Start of DATA TO USE

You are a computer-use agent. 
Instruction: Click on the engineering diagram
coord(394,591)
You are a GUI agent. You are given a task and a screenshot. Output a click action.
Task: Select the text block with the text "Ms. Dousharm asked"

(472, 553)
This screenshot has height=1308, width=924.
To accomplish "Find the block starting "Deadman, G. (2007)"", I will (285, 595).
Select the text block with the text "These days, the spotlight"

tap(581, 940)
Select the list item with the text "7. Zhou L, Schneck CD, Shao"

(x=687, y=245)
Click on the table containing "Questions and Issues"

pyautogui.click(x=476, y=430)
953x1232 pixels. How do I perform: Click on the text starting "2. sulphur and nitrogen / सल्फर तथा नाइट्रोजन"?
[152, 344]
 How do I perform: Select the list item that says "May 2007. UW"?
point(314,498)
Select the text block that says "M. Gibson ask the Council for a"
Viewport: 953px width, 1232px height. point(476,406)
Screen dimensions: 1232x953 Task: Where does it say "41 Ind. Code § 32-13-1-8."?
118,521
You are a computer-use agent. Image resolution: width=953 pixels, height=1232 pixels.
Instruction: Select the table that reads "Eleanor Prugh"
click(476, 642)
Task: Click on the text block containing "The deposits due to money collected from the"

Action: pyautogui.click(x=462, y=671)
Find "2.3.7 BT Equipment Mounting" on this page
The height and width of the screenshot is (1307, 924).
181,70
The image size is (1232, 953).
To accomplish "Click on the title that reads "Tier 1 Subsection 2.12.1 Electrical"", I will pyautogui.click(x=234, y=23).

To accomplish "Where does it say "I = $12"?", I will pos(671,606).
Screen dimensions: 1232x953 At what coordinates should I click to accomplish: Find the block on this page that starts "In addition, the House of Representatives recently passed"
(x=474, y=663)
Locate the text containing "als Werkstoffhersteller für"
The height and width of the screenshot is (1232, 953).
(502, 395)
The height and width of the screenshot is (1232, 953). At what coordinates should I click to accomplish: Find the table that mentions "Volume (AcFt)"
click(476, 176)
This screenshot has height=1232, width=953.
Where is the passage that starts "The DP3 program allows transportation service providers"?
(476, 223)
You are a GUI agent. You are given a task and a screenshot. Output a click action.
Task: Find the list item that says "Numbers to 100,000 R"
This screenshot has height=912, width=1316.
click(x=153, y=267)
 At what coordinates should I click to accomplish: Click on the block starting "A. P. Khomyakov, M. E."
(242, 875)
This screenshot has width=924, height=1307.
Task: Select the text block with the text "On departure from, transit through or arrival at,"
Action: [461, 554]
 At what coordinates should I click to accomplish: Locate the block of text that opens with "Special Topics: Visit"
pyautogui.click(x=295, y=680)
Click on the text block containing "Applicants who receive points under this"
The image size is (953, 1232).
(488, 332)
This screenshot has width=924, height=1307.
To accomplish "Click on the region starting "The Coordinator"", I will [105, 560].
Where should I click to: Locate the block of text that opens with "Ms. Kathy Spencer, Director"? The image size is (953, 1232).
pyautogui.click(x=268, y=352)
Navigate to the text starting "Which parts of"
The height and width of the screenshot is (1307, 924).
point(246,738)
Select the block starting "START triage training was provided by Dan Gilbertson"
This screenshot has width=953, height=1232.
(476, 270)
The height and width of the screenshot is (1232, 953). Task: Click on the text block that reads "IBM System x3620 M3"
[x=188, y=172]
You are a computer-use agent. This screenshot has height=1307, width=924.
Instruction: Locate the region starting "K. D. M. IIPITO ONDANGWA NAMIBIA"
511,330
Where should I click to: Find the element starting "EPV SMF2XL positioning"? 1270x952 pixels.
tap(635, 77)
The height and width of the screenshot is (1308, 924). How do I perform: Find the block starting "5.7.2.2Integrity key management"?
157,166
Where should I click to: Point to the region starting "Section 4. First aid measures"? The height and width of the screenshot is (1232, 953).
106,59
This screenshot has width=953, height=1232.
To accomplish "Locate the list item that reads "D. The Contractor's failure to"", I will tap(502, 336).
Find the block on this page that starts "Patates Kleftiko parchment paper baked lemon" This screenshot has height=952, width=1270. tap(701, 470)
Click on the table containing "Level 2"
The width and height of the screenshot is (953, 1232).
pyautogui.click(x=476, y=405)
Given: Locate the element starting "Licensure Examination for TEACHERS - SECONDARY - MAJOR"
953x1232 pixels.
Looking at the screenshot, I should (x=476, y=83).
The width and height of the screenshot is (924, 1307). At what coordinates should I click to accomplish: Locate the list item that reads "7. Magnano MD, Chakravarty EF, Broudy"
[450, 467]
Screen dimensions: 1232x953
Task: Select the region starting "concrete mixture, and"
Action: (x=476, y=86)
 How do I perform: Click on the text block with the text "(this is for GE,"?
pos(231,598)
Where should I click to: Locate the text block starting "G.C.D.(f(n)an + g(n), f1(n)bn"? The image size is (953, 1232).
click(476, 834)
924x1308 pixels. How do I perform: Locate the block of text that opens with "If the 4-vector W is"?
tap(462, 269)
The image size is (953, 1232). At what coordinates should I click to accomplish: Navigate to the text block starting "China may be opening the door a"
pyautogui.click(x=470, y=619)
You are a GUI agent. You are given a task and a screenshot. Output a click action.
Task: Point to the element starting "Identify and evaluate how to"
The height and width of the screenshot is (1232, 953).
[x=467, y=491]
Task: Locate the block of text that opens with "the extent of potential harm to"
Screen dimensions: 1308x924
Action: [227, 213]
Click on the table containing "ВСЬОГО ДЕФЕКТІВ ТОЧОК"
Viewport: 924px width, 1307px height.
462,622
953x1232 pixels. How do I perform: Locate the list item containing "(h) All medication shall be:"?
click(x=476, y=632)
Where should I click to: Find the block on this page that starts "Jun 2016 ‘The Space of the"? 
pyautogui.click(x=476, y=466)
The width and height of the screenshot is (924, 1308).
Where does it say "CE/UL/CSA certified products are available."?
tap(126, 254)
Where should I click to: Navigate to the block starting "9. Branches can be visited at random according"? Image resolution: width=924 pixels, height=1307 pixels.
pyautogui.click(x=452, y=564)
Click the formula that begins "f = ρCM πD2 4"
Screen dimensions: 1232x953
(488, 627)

End of DATA TO USE

### WHAT TO WORK ON
Reply by returning the full set of records above exactly.

### WRITTEN RESPONSE
You are a computer-use agent. 
Instruction: Click on the engineering diagram
coord(394,591)
You are a GUI agent. You are given a task and a screenshot. Output a click action.
Task: Select the text block with the text "Ms. Dousharm asked"

(472, 553)
This screenshot has height=1308, width=924.
To accomplish "Find the block starting "Deadman, G. (2007)"", I will (285, 595).
Select the text block with the text "These days, the spotlight"

tap(581, 940)
Select the list item with the text "7. Zhou L, Schneck CD, Shao"

(x=687, y=245)
Click on the table containing "Questions and Issues"

pyautogui.click(x=476, y=430)
953x1232 pixels. How do I perform: Click on the text starting "2. sulphur and nitrogen / सल्फर तथा नाइट्रोजन"?
[152, 344]
 How do I perform: Select the list item that says "May 2007. UW"?
point(314,498)
Select the text block that says "M. Gibson ask the Council for a"
Viewport: 953px width, 1232px height. point(476,406)
Screen dimensions: 1232x953 Task: Where does it say "41 Ind. Code § 32-13-1-8."?
118,521
You are a computer-use agent. Image resolution: width=953 pixels, height=1232 pixels.
Instruction: Select the table that reads "Eleanor Prugh"
click(476, 642)
Task: Click on the text block containing "The deposits due to money collected from the"

Action: pyautogui.click(x=462, y=671)
Find "2.3.7 BT Equipment Mounting" on this page
The height and width of the screenshot is (1307, 924).
181,70
The image size is (1232, 953).
To accomplish "Click on the title that reads "Tier 1 Subsection 2.12.1 Electrical"", I will pyautogui.click(x=234, y=23).

To accomplish "Where does it say "I = $12"?", I will pos(671,606).
Screen dimensions: 1232x953 At what coordinates should I click to accomplish: Find the block on this page that starts "In addition, the House of Representatives recently passed"
(x=474, y=663)
Locate the text containing "als Werkstoffhersteller für"
The height and width of the screenshot is (1232, 953).
(502, 395)
The height and width of the screenshot is (1232, 953). At what coordinates should I click to accomplish: Find the table that mentions "Volume (AcFt)"
click(476, 176)
This screenshot has height=1232, width=953.
Where is the passage that starts "The DP3 program allows transportation service providers"?
(476, 223)
You are a GUI agent. You are given a task and a screenshot. Output a click action.
Task: Find the list item that says "Numbers to 100,000 R"
This screenshot has height=912, width=1316.
click(x=153, y=267)
 At what coordinates should I click to accomplish: Click on the block starting "A. P. Khomyakov, M. E."
(242, 875)
This screenshot has width=924, height=1307.
Task: Select the text block with the text "On departure from, transit through or arrival at,"
Action: [461, 554]
 At what coordinates should I click to accomplish: Locate the block of text that opens with "Special Topics: Visit"
pyautogui.click(x=295, y=680)
Click on the text block containing "Applicants who receive points under this"
The image size is (953, 1232).
(488, 332)
This screenshot has width=924, height=1307.
To accomplish "Click on the region starting "The Coordinator"", I will [105, 560].
Where should I click to: Locate the block of text that opens with "Ms. Kathy Spencer, Director"? The image size is (953, 1232).
pyautogui.click(x=268, y=352)
Navigate to the text starting "Which parts of"
The height and width of the screenshot is (1307, 924).
point(246,738)
Select the block starting "START triage training was provided by Dan Gilbertson"
This screenshot has width=953, height=1232.
(476, 270)
The height and width of the screenshot is (1232, 953). Task: Click on the text block that reads "IBM System x3620 M3"
[x=188, y=172]
You are a computer-use agent. This screenshot has height=1307, width=924.
Instruction: Locate the region starting "K. D. M. IIPITO ONDANGWA NAMIBIA"
511,330
Where should I click to: Find the element starting "EPV SMF2XL positioning"? 1270x952 pixels.
tap(635, 77)
The height and width of the screenshot is (1308, 924). How do I perform: Find the block starting "5.7.2.2Integrity key management"?
157,166
Where should I click to: Point to the region starting "Section 4. First aid measures"? The height and width of the screenshot is (1232, 953).
106,59
This screenshot has width=953, height=1232.
To accomplish "Locate the list item that reads "D. The Contractor's failure to"", I will tap(502, 336).
Find the block on this page that starts "Patates Kleftiko parchment paper baked lemon" This screenshot has height=952, width=1270. tap(701, 470)
Click on the table containing "Level 2"
The width and height of the screenshot is (953, 1232).
pyautogui.click(x=476, y=405)
Given: Locate the element starting "Licensure Examination for TEACHERS - SECONDARY - MAJOR"
953x1232 pixels.
Looking at the screenshot, I should (x=476, y=83).
The width and height of the screenshot is (924, 1307). At what coordinates should I click to accomplish: Locate the list item that reads "7. Magnano MD, Chakravarty EF, Broudy"
[450, 467]
Screen dimensions: 1232x953
Task: Select the region starting "concrete mixture, and"
Action: (x=476, y=86)
 How do I perform: Click on the text block with the text "(this is for GE,"?
pos(231,598)
Where should I click to: Locate the text block starting "G.C.D.(f(n)an + g(n), f1(n)bn"? The image size is (953, 1232).
click(476, 834)
924x1308 pixels. How do I perform: Locate the block of text that opens with "If the 4-vector W is"?
tap(462, 269)
The image size is (953, 1232). At what coordinates should I click to accomplish: Navigate to the text block starting "China may be opening the door a"
pyautogui.click(x=470, y=619)
You are a GUI agent. You are given a task and a screenshot. Output a click action.
Task: Point to the element starting "Identify and evaluate how to"
The height and width of the screenshot is (1232, 953).
[x=467, y=491]
Task: Locate the block of text that opens with "the extent of potential harm to"
Screen dimensions: 1308x924
Action: [227, 213]
Click on the table containing "ВСЬОГО ДЕФЕКТІВ ТОЧОК"
Viewport: 924px width, 1307px height.
462,622
953x1232 pixels. How do I perform: Locate the list item containing "(h) All medication shall be:"?
click(x=476, y=632)
Where should I click to: Find the block on this page that starts "Jun 2016 ‘The Space of the"? 
pyautogui.click(x=476, y=466)
The width and height of the screenshot is (924, 1308).
Where does it say "CE/UL/CSA certified products are available."?
tap(126, 254)
Where should I click to: Navigate to the block starting "9. Branches can be visited at random according"? Image resolution: width=924 pixels, height=1307 pixels.
pyautogui.click(x=452, y=564)
Click the formula that begins "f = ρCM πD2 4"
Screen dimensions: 1232x953
(488, 627)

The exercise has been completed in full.